**** Recorded data
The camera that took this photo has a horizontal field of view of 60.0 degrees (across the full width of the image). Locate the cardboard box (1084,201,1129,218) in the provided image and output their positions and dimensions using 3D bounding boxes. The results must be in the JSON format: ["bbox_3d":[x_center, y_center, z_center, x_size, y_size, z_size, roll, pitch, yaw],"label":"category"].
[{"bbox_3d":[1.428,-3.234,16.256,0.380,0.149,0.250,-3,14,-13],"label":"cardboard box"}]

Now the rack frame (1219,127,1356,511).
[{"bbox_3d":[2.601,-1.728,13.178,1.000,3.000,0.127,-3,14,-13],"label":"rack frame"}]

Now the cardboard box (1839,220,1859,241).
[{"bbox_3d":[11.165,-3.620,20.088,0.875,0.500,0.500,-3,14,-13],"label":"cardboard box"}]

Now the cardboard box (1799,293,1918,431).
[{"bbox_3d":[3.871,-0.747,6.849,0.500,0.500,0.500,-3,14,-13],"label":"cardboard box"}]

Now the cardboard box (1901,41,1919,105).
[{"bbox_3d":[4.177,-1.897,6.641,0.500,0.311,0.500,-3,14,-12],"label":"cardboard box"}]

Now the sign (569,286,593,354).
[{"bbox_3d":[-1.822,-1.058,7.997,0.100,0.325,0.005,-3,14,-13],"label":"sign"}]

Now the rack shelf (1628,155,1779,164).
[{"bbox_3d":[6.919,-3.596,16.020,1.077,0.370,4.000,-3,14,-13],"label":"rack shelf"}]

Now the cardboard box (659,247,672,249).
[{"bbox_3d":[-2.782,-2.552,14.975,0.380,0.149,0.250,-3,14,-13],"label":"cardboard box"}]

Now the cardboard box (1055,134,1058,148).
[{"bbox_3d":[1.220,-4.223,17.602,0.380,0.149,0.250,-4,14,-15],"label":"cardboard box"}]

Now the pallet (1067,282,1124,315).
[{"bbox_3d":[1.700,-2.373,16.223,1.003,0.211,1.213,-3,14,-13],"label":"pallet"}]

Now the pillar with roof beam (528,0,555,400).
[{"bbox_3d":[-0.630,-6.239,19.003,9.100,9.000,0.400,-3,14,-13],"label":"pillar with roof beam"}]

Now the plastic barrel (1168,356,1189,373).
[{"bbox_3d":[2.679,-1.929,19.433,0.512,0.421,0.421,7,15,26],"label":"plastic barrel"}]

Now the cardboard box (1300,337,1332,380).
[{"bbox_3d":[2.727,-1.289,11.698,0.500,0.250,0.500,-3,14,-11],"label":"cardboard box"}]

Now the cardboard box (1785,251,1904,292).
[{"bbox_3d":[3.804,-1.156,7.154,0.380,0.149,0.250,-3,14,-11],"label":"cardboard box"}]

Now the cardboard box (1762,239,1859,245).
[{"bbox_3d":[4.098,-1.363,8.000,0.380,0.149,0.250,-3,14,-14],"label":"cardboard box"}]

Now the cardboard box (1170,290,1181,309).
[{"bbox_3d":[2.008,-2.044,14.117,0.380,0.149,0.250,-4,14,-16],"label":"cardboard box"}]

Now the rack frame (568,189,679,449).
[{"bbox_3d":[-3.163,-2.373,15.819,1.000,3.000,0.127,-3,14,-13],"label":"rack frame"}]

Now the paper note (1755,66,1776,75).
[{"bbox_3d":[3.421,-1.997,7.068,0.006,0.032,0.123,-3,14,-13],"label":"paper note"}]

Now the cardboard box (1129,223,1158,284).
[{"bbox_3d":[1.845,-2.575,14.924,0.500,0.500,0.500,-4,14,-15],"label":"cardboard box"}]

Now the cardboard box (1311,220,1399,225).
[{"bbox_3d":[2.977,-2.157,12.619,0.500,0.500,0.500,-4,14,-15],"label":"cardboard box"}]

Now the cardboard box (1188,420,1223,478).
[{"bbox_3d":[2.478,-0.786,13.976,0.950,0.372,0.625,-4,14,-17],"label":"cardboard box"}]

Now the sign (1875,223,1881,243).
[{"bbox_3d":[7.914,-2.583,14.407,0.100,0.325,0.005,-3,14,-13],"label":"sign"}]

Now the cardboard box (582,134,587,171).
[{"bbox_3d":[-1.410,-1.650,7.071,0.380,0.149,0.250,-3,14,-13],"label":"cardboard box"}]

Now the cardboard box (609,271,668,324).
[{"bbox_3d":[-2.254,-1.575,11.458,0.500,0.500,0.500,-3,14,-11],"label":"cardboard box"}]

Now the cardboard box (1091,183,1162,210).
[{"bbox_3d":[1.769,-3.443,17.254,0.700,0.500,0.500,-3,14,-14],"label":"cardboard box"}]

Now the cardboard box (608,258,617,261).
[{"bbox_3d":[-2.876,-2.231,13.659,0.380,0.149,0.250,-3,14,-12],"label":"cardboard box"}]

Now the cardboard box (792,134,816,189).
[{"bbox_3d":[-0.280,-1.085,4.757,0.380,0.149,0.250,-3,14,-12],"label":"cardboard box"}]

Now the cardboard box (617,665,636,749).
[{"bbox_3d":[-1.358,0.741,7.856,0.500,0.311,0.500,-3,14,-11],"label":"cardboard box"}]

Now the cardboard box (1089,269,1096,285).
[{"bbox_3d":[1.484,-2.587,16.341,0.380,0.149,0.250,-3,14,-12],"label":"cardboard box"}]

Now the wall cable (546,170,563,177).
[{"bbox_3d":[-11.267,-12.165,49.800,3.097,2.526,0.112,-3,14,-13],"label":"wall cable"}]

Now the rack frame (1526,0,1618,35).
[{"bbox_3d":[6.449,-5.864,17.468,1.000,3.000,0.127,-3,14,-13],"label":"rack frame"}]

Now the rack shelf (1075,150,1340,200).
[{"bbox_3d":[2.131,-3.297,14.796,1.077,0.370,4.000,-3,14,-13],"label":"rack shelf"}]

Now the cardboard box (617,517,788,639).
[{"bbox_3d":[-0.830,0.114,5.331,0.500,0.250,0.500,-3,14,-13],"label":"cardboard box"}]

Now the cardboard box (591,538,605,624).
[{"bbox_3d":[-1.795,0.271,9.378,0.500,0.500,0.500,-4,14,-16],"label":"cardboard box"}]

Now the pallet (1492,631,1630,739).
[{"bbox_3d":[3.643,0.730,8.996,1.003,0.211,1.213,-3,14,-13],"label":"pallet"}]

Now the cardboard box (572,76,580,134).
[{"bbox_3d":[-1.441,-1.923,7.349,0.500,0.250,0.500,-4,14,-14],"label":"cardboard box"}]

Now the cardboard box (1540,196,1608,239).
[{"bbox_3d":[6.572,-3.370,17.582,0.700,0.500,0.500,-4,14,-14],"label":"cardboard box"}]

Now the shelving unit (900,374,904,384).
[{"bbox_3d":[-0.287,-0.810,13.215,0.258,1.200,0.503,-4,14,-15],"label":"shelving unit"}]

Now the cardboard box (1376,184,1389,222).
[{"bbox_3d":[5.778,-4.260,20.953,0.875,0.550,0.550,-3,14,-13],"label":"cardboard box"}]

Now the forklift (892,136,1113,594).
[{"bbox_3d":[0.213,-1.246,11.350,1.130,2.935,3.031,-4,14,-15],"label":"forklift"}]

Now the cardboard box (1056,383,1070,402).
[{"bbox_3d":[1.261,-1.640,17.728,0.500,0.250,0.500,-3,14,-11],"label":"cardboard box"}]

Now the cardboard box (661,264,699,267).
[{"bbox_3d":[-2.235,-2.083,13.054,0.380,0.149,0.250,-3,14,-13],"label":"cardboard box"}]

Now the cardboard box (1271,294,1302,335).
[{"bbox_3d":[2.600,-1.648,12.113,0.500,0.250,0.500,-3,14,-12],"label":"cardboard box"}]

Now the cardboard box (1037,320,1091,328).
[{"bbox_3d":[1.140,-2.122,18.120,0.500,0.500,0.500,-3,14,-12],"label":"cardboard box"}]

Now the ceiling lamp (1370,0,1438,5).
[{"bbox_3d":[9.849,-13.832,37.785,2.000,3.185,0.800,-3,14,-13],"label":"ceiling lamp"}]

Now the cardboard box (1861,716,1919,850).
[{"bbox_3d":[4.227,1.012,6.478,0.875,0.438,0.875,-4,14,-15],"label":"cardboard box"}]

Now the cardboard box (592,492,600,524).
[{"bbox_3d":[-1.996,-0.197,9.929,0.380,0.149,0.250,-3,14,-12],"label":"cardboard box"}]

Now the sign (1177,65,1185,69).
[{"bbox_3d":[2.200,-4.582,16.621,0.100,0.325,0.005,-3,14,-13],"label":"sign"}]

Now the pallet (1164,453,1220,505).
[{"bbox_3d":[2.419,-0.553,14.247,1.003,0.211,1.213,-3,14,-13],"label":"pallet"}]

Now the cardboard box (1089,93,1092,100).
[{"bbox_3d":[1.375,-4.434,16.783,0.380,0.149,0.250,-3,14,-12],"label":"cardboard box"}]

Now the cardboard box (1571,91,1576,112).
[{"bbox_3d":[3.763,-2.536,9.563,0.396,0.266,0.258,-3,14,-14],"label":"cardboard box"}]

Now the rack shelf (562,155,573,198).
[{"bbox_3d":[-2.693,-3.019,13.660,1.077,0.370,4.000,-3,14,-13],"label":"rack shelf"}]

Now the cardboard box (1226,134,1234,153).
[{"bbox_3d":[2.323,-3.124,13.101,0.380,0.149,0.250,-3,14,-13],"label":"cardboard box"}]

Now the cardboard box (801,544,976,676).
********
Activity: After locating the line with "Now the rack shelf (562,155,573,198).", please repeat it and every line after it exactly, through the end of the data above.

Written answer:
Now the rack shelf (562,155,573,198).
[{"bbox_3d":[-2.693,-3.019,13.660,1.077,0.370,4.000,-3,14,-13],"label":"rack shelf"}]

Now the cardboard box (1226,134,1234,153).
[{"bbox_3d":[2.323,-3.124,13.101,0.380,0.149,0.250,-3,14,-13],"label":"cardboard box"}]

Now the cardboard box (801,544,976,676).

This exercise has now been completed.